14 novembro 2024
Presidente do PT da Bahia, Éden Valadares interrompeu o descanso pós-eleitoral, do qual só retorna nesta quarta-feira (13), para fazer uma avaliação das eleições municipais e falar sobre o futuro do partido nesta entrevista exclusiva ao Política Livre, concedida no final da semana passada. Para o dirigente, apesar de derrotas em grandes colégios eleitorais na Bahia, a legenda saiu fortalecida, assim como a base do governador Jerônimo Rodrigues (PT).
Éden também faz uma avaliação sobre o crescimento da direita no Brasil e no Nordeste, da primeira eleição municipal com o expediente da Federação Brasil da Esperança, formada por PT, PCdoB e PV, e da humilhante derrota do vice-governador Geraldo Júnior (MDB) em Salvador. “É preciso humildade para mergulhar e investigar todo esse processo de disputa na capital”, diz.
O dirigente responde, ainda, a questionamentos sobre a reforma administrativa de Jerônimo, a formação da chapa majoritária do grupo governista em 2026 e as disputas pelas presidências da Assembleia Legislativa e da União dos Municípios da Bahia (UPB). Confira abaixo a íntegra da entrevista.
Qual a avaliação que o senhor faz do resultado das eleições para o PT? Nacionalmente, o partido não ficou com um número de prefeituras abaixo do esperado, sendo que comanda o governo federal? E na Bahia, foi o planejado, com 50 prefeituras?
Depois de enfrentarmos as mais duras eleições municipais para o PT e para a esquerda como um todo, essa foi uma eleição de retomada do crescimento. Em 2016, com todo aquele processo de golpe na presidenta Dilma (Rousseff) e de perseguição sistemática ao PT, e, em 2020, com a condenação, prisão e impedimento do presidente Lula, nós recuamos muito no número de prefeituras. Foram anos muito difíceis. Mas nossa militância é resistente e resiliente.

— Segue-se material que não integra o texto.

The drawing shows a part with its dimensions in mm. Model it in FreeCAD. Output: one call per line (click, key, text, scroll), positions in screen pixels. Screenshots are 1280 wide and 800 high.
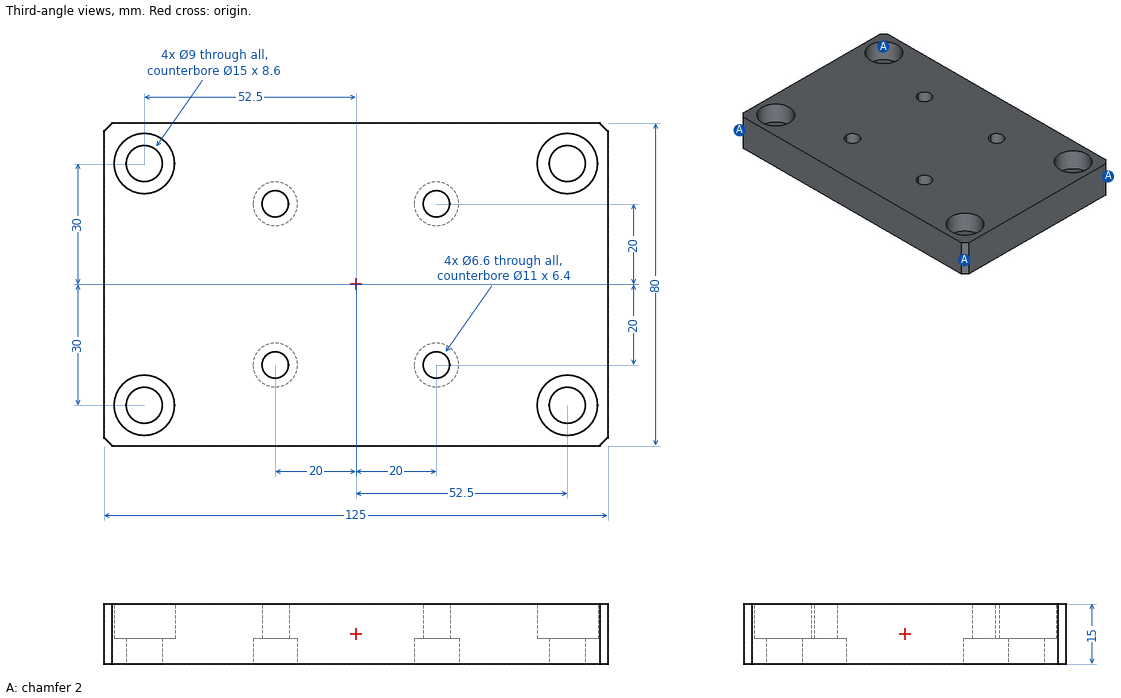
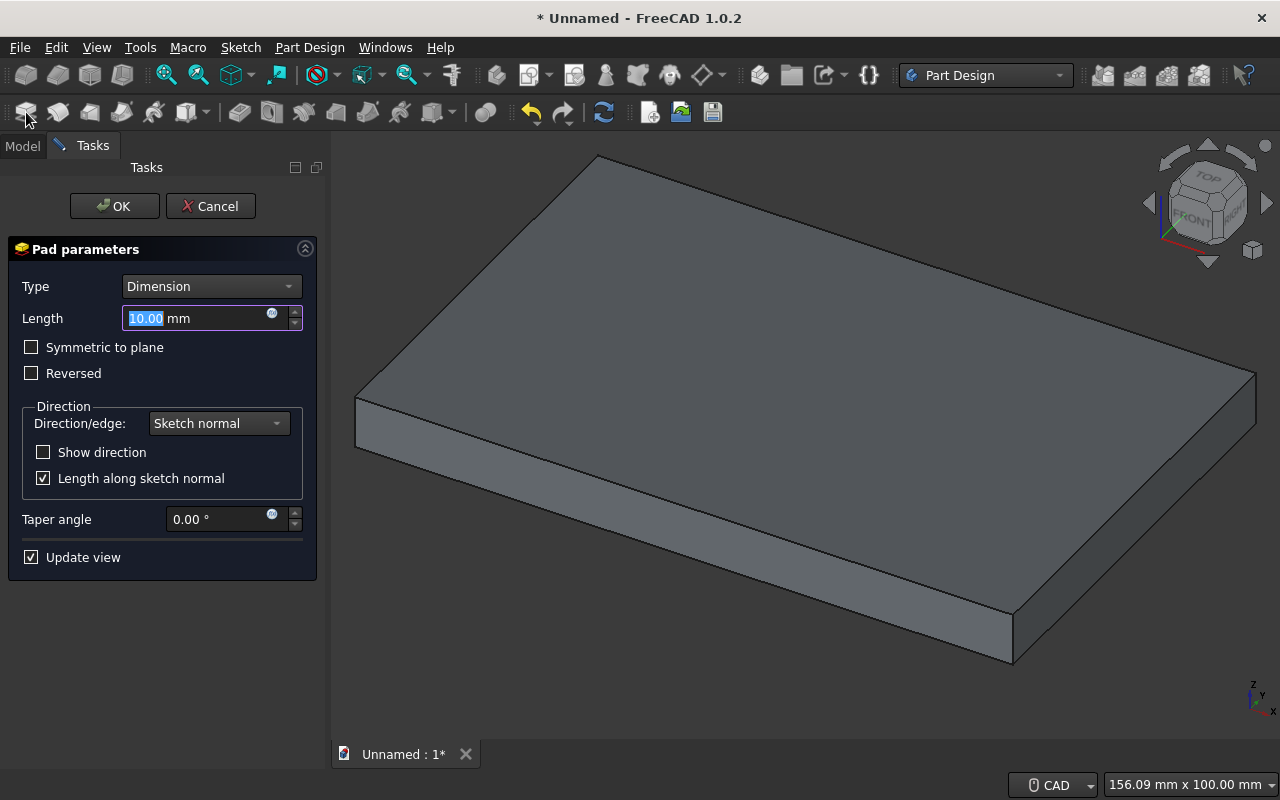
text(15)
key(Tab)

Desmontamos a farsa da Lava-Jato, que acabou se revelando como a maior fraude política e jurídica da história do país, reabilitamos o Lula e vencemos uma eleição histórica, que foi a de 2022. No Brasil com Lula e na Bahia com Jerônimo (Rodrigues). E essa volta por cima, esse apoio de Lula e de Jerônimo, e a nossa militância incansável, é que produziu essa recuperação em 2024. Já tivemos 90 prefeitos na Bahia. Em 2016 e 2020, esse número caiu para 32, e agora elegemos 50 prefeitos e prefeitas, com destaque para a inesquecível vitória de (Luiz) Caetano em Camaçari. Então, o balanço é positivo. Ficou um gostinho de quero mais? Ficou. Sobretudo naquelas cidades em que chegamos muito perto de vencer: Feira de Santana, Ilhéus, Brumado.

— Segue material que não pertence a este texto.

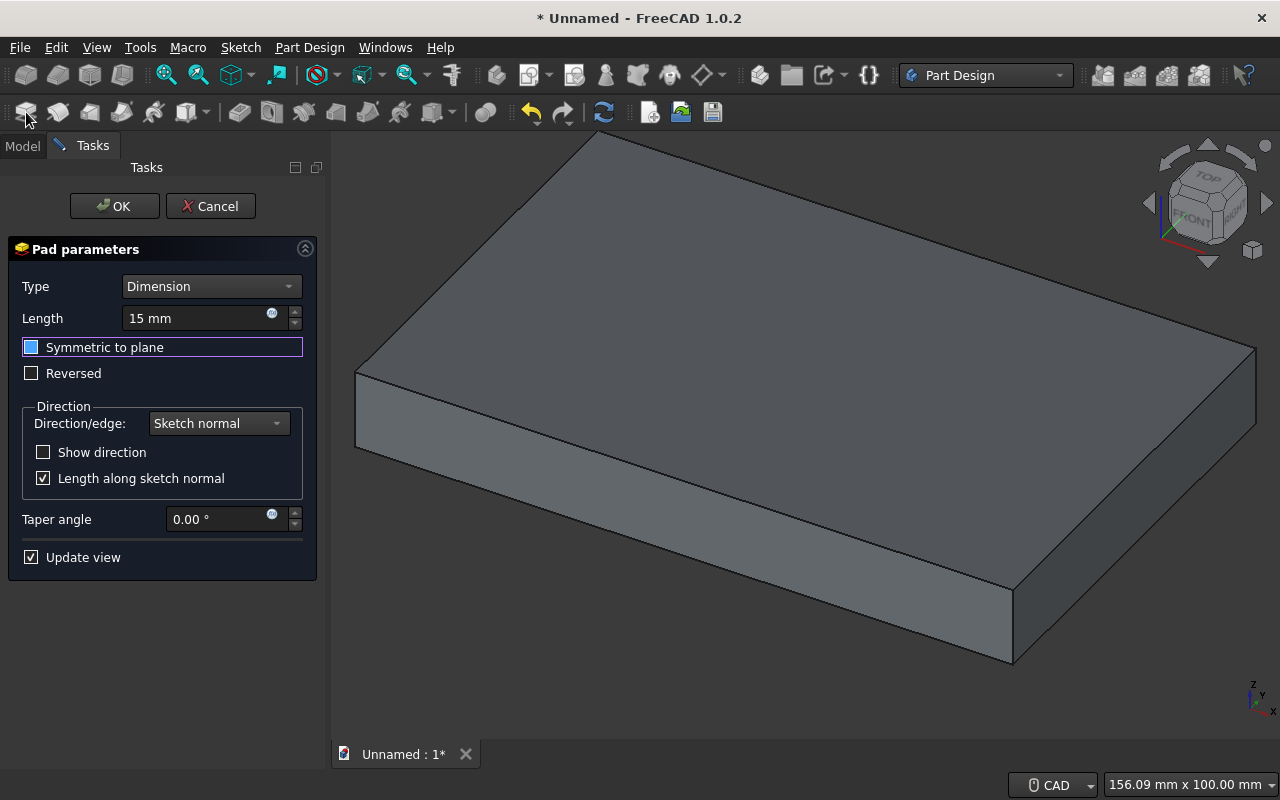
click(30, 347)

O PL do ex-presidente Jair Bolsonaro saiu fortalecido, inclusive no Nordeste, apesar do fracasso na Bahia. O senhor teme que o resultado possa fortalecer um nome da direita na disputa presidencial de 2026, sobretudo diante da vitória de Donald Trump nos EUA?
Eu tenho muito cuidado em transferir análises políticas ou eleitorais entre países diferentes, com realidades distintas. Trump não é Bolsonaro, Kamala (Harris) não é Lula, e definitivamente o processo eleitoral nos EUA não é igual ao do Brasil. Mas você tem razão ao levantar a questão do crescimento da extrema-direita no mundo. Esse é um elemento que deve polarizar a análise e a ação política não só da esquerda, como de todas as forças políticas que primam pelo Estado de Direito Democrático. As democracias estão ameaçadas pela sombra do extremismo político, do negacionismo científico e ambiental, do fundamentalismo religioso e do revisionismo histórico. O Estado de Bem-Estar Social, as democracias liberais dos últimos 70, quase 80 anos, foram incapazes de resolver questões elementares da vida das populações, como o acesso à saúde, educação, moradia, segurança alimentar, emprego e prosperidade, e acabou por pavimentar uma avenida para a extrema-direita desfilar. É preciso ressignificar a política, repensar o Estado, atualizar nossa leitura sobre a classe trabalhadora para responder aos desafios do mundo atual. Isso vale para o PT também. A sociedade na qual o PT foi fundado não existe mais, mudou demais, e o PT precisa renovar seu programa, atualizar seu modo de fazer política para seguir dialogando e representando os interesses da classe trabalhadora e do povo brasileiro.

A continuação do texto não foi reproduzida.